[Source records]
----------

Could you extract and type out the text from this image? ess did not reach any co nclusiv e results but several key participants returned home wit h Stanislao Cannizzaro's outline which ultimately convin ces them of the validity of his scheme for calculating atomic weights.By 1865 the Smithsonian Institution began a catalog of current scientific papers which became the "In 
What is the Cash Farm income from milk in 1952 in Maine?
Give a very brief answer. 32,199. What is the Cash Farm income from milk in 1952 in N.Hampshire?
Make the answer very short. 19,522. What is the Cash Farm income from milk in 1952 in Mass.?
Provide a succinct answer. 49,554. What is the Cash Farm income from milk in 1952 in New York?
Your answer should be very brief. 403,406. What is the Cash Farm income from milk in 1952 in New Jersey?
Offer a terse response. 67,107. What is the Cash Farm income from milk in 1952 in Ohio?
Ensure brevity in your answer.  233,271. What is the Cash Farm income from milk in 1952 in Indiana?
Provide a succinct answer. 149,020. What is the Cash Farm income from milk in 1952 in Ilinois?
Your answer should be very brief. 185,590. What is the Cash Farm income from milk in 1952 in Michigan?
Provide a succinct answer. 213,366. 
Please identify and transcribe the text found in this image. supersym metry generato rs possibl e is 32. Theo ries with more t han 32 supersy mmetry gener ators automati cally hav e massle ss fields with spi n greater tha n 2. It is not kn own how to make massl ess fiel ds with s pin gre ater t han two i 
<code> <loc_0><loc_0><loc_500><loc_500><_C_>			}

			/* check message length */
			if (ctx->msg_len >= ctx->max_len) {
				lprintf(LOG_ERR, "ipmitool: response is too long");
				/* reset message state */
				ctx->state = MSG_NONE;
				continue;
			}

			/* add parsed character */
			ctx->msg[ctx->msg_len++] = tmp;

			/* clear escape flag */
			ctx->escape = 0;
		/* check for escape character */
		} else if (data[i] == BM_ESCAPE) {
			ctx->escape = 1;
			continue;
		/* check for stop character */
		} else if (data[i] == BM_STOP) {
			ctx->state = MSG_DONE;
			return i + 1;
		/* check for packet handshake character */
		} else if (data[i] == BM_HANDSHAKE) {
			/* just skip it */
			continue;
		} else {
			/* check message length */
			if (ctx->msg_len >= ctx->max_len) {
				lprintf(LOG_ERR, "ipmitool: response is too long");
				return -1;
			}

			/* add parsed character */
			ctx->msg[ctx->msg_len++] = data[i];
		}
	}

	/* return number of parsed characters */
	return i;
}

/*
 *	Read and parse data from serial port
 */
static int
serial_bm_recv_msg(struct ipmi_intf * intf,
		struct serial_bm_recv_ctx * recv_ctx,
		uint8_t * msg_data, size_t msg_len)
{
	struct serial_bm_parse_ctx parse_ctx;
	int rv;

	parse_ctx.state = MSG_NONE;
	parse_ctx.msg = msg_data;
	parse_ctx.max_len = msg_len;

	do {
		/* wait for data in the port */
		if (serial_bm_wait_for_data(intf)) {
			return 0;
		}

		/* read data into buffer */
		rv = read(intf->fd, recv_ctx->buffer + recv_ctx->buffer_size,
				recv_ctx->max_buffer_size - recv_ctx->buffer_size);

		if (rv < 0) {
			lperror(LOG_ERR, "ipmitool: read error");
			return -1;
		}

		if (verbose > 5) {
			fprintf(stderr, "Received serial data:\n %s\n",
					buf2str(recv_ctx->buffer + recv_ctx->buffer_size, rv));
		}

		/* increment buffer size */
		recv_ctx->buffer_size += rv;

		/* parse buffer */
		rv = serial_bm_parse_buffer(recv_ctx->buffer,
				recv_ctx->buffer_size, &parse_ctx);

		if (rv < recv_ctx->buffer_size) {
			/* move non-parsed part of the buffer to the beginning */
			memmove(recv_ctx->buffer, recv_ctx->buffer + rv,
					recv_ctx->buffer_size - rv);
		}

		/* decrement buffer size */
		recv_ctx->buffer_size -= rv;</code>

----------

* [REQUIRED WORK] From the records above, repeat exactly the lines from the one with "Please identify and" through the one with "ctx->escape = 0;", both included.

* [FINISHED EXERCISE]
Please identify and transcribe the text found in this image. supersym metry generato rs possibl e is 32. Theo ries with more t han 32 supersy mmetry gener ators automati cally hav e massle ss fields with spi n greater tha n 2. It is not kn own how to make massl ess fiel ds with s pin gre ater t han two i 
<code> <loc_0><loc_0><loc_500><loc_500><_C_>			}

			/* check message length */
			if (ctx->msg_len >= ctx->max_len) {
				lprintf(LOG_ERR, "ipmitool: response is too long");
				/* reset message state */
				ctx->state = MSG_NONE;
				continue;
			}

			/* add parsed character */
			ctx->msg[ctx->msg_len++] = tmp;

			/* clear escape flag */
			ctx->escape = 0;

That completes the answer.